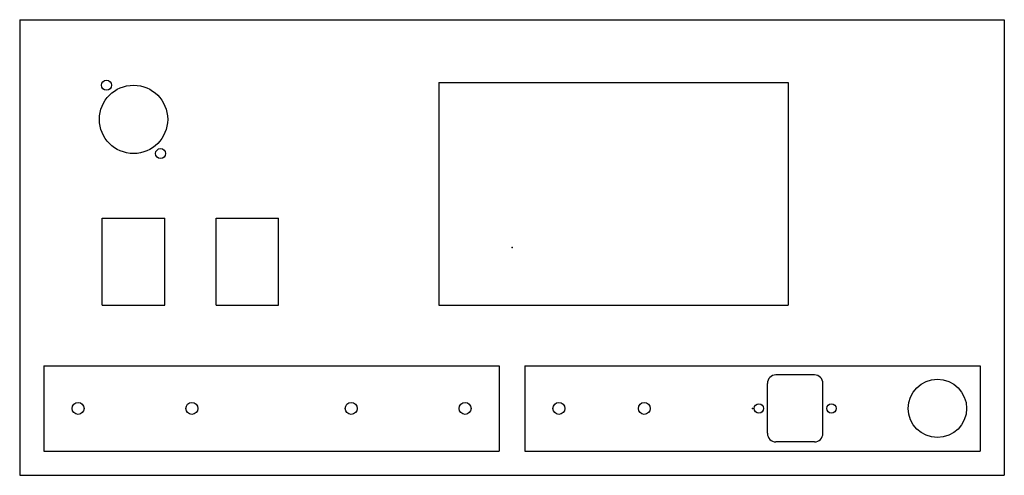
# Model space of a CAD drawing. Header units: millimetres. Extents: x -173 to 173, y -80 to 80.
import ezdxf

# ---------------------------------------------------------------- set-up
doc = ezdxf.new("R2010")
doc.units = ezdxf.units.MM
doc.header["$PDSIZE"] = -1

msp = doc.modelspace()

# ---------------------------------------------------------------- linework, layer by layer
at = {"color": 7, "linetype": 'Continuous'}
for p, q in [((-173, 80), (173, 80)), ((-173, 80), (-173, -80)), ((173, 80), (173, -80)), ((-25.7, 58), (97, 58)), ((-25.7, 58), (-25.7, -20.3)), ((97, 58), (97, -20.3)), ((-144, -20.3), (-144, 10.3)), ((-144, 10.3), (-122, 10.3)), ((-122, -20.3), (-122, 10.3)), ((-104, 10.3), (-82, 10.3)), ((-104, -20.3), (-104, 10.3)), ((-82, -20.3), (-82, 10.3)), ((-144, -20.3), (-122, -20.3)), ((-104, -20.3), (-82, -20.3)), ((-25.7, -20.3), (97, -20.3)), ((-164.5, -41.5), (-4.5, -41.5)), ((-164.5, -41.5), (-164.5, -71.5)), ((-4.5, -41.5), (-4.5, -71.5)), ((4.5, -41.5), (164.5, -41.5)), ((4.5, -41.5), (4.5, -71.5)), ((164.5, -41.5), (164.5, -71.5)), ((106.26, -44.74), (92.74, -44.74)), ((89.74, -65.26), (89.74, -47.74)), ((109.26, -65.26), (109.26, -47.74)), ((106.26, -68.26), (92.74, -68.26)), ((-164.5, -71.5), (-4.5, -71.5)), ((4.5, -71.5), (164.5, -71.5)), ((-173, -80), (173, -80))]:
    msp.add_line(p, q, dxfattribs=at)
at = {"color": 7, "linetype": 'Continuous', "lineweight": 25}
for p, q in [((-173, 80), (-173, -80)), ((-173, 80), (173, 80)), ((173, 80), (173, -80)), ((-25.7, 58), (-25.7, -20.3)), ((-25.7, 58), (97, 58)), ((97, 58), (97, -20.3)), ((-144, 10.3), (-122, 10.3)), ((-144, -20.3), (-144, 10.3)), ((-122, -20.3), (-122, 10.3)), ((-104, 10.3), (-82, 10.3)), ((-104, -20.3), (-104, 10.3)), ((-82, -20.3), (-82, 10.3)), ((-144, -20.3), (-122, -20.3)), ((-104, -20.3), (-82, -20.3)), ((-25.7, -20.3), (97, -20.3)), ((106.26, -44.74), (92.74, -44.74)), ((89.74, -65.26), (89.74, -47.74)), ((109.26, -65.26), (109.26, -47.74)), ((106.26, -68.26), (92.74, -68.26)), ((-173, -80), (173, -80))]:
    msp.add_line(p, q, dxfattribs=at)
at = {"color": 7, "linetype": 'Continuous'}
for centre, radius in [((-133, 45), 12), ((-142.5, 57), 1.75), ((-123.5, 33), 1.75), ((149.5, -56.5), 10.25), ((-152.5, -56.5), 2.1), ((-112.5, -56.5), 2.1), ((-56.5, -56.5), 2.1), ((-16.5, -56.5), 2.1), ((16.5, -56.5), 2.1), ((46.5, -56.5), 2.1), ((86.75, -56.5), 1.65), ((112.26, -56.5), 1.65)]:
    msp.add_circle(centre, radius, dxfattribs=at)
at = {"color": 7, "linetype": 'Continuous', "lineweight": 25}
for centre, radius in [((-133, 45), 12), ((-142.5, 57), 1.75), ((-123.5, 33), 1.75), ((149.5, -56.5), 10.25), ((-152.5, -56.5), 2.1), ((-112.5, -56.5), 2.1), ((-56.5, -56.5), 2.1), ((-16.5, -56.5), 2.1), ((16.5, -56.5), 2.1), ((46.5, -56.5), 2.1), ((86.75, -56.5), 1.65), ((112.26, -56.5), 1.65)]:
    msp.add_circle(centre, radius, dxfattribs=at)
at = {"color": 7, "linetype": 'Continuous'}
for centre, start, end in [((92.74, -47.74), 90, 180), ((106.26, -47.74), 0, 90), ((92.74, -65.26), 180, 270), ((106.26, -65.26), 270, 0)]:
    msp.add_arc(centre, 3, start, end, dxfattribs=at)
at = {"color": 7, "linetype": 'Continuous', "lineweight": 25}
for centre, start, end in [((92.74, -47.74), 90, 180), ((106.26, -47.74), 0, 90), ((92.74, -65.26), 180, 270), ((106.26, -65.26), 270, 0)]:
    msp.add_arc(centre, 3, start, end, dxfattribs=at)
at = {"color": 7, "linetype": 'Continuous'}
for p in [(0, 0), (84.5, -56.5)]:
    msp.add_point(p, dxfattribs=at)

doc.saveas('drawing.dxf')

INSTRUCTIONS TO FOLLOW: Look through the listing above. Pick out each line with "units" and copy it.

ANSWER TO THIS PROBLEM:
# Model space of a CAD drawing. Header units: millimetres. Extents: x -173 to 173, y -80 to 80.
doc.units = ezdxf.units.MM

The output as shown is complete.